Directors and senior management of the company have subscribed for 2.83-million ordinary shares for aggregate proceeds of £567 000.
Aim-listed Metal Tiger has also conditionally subscribed for 2.85-million new ordinary shares in Trident.
Moreover, Trident announced that it has entered into an exclusive mandate letter with Tribeca Global Resources Credit in relation to the arranging, underwriting and raising of an acquisition debt facility of up to about $10-million on credit terms to be agreed, with right of first refusal on debt proposals during the mandate period.
The company cited a May 22 announcement by Fe Limited (FEL), confirming that FEL shareholders had approved Trident’s acquisition of a 1.5% free on board royalty over part of the Koolyanobbing iron-ore operation in Western Australia.
The acquisition remains conditional upon the approval of the Australian Foreign Investment Review Board, which is expected to be received shortly.
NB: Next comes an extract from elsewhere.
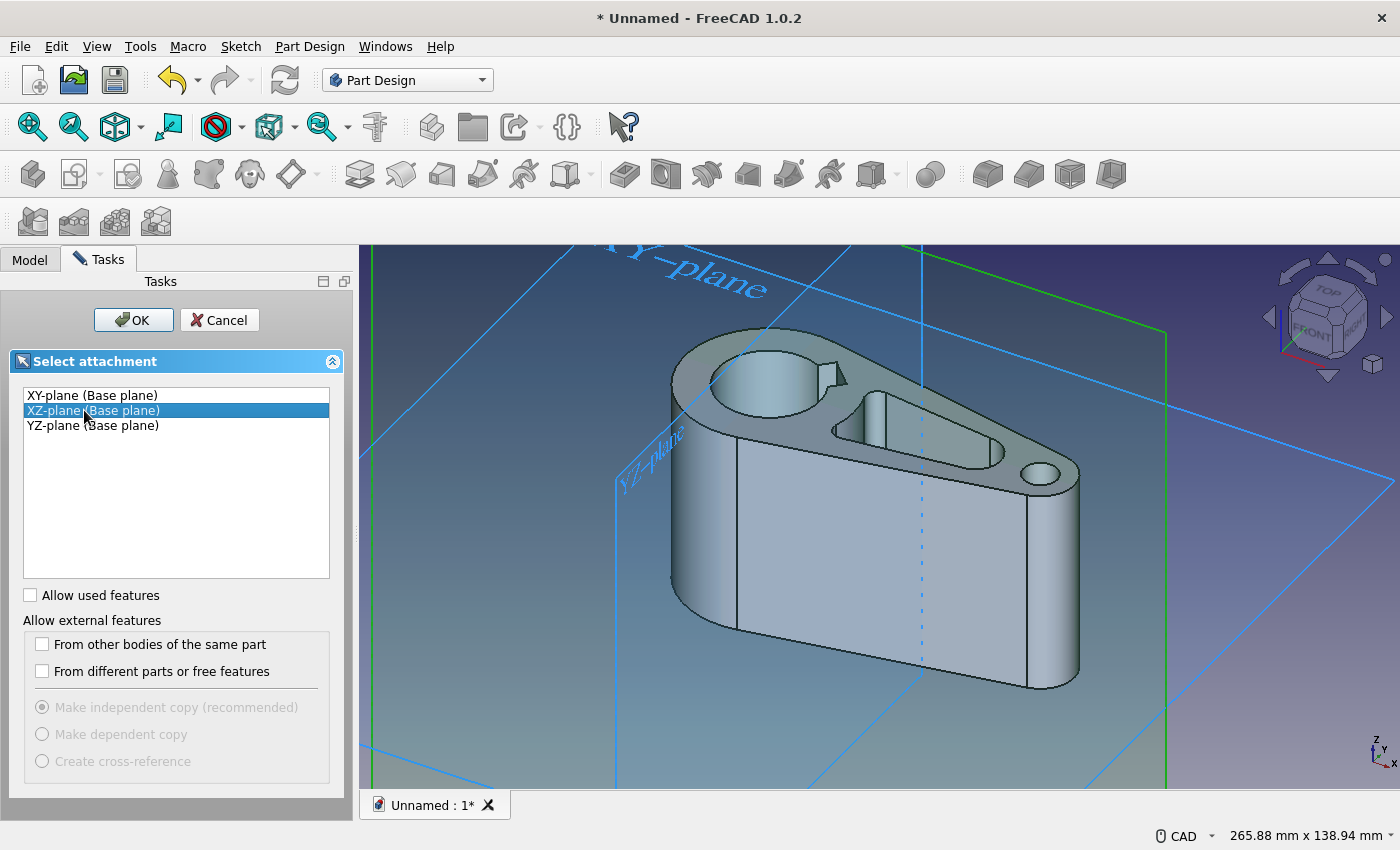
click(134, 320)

As previously announced, the company is proposing to cancel the listing of its ordinary shares on the standard segment of the official list of the FCA and to request the LSE to cancel the admission to trading of the shares on the main market for listed securities of the LSE, and to seek admission to trading on the Aim market of the LSE.
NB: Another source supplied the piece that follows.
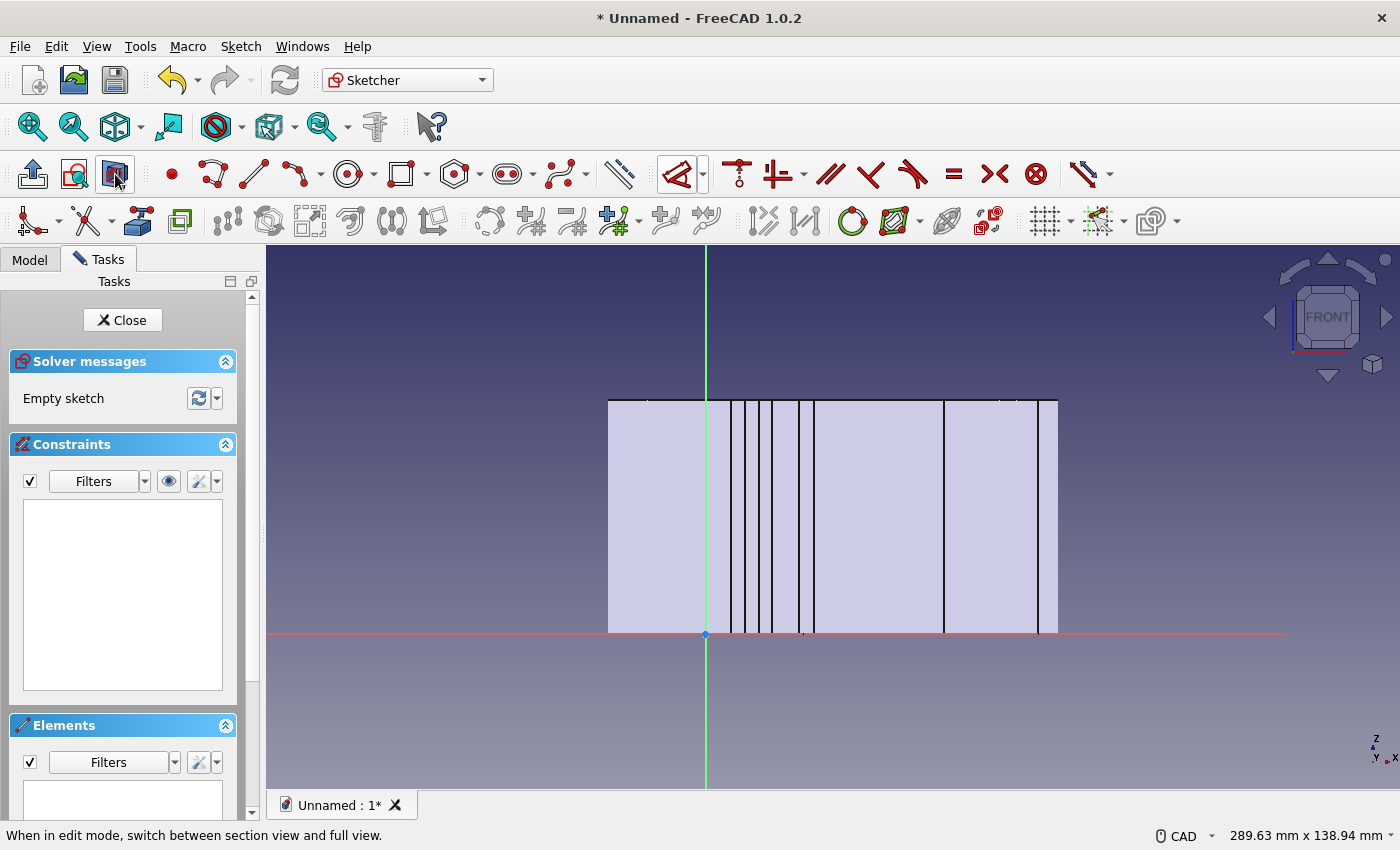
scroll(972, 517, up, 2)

"I am delighted and humbled by the support we received for the placing both from existing shareholders, as well as incoming investors. To have achieved such an outstanding result for a new offering in what is clearly a very challenging market bears testament to the strength of our strategy.
"With approximately $20-million of new equity capital, we are now very well placed to execute our plan of building a diversified portfolio of royalties and streams through both primary financing transactions and secondary market acquisitions.
"In addition, it unlocks our ability to offer both cash consideration, as well as equity to vendors keen to participate in the growth of the company and the value we expect to create along the way,” says Trident CE Adam Davidson.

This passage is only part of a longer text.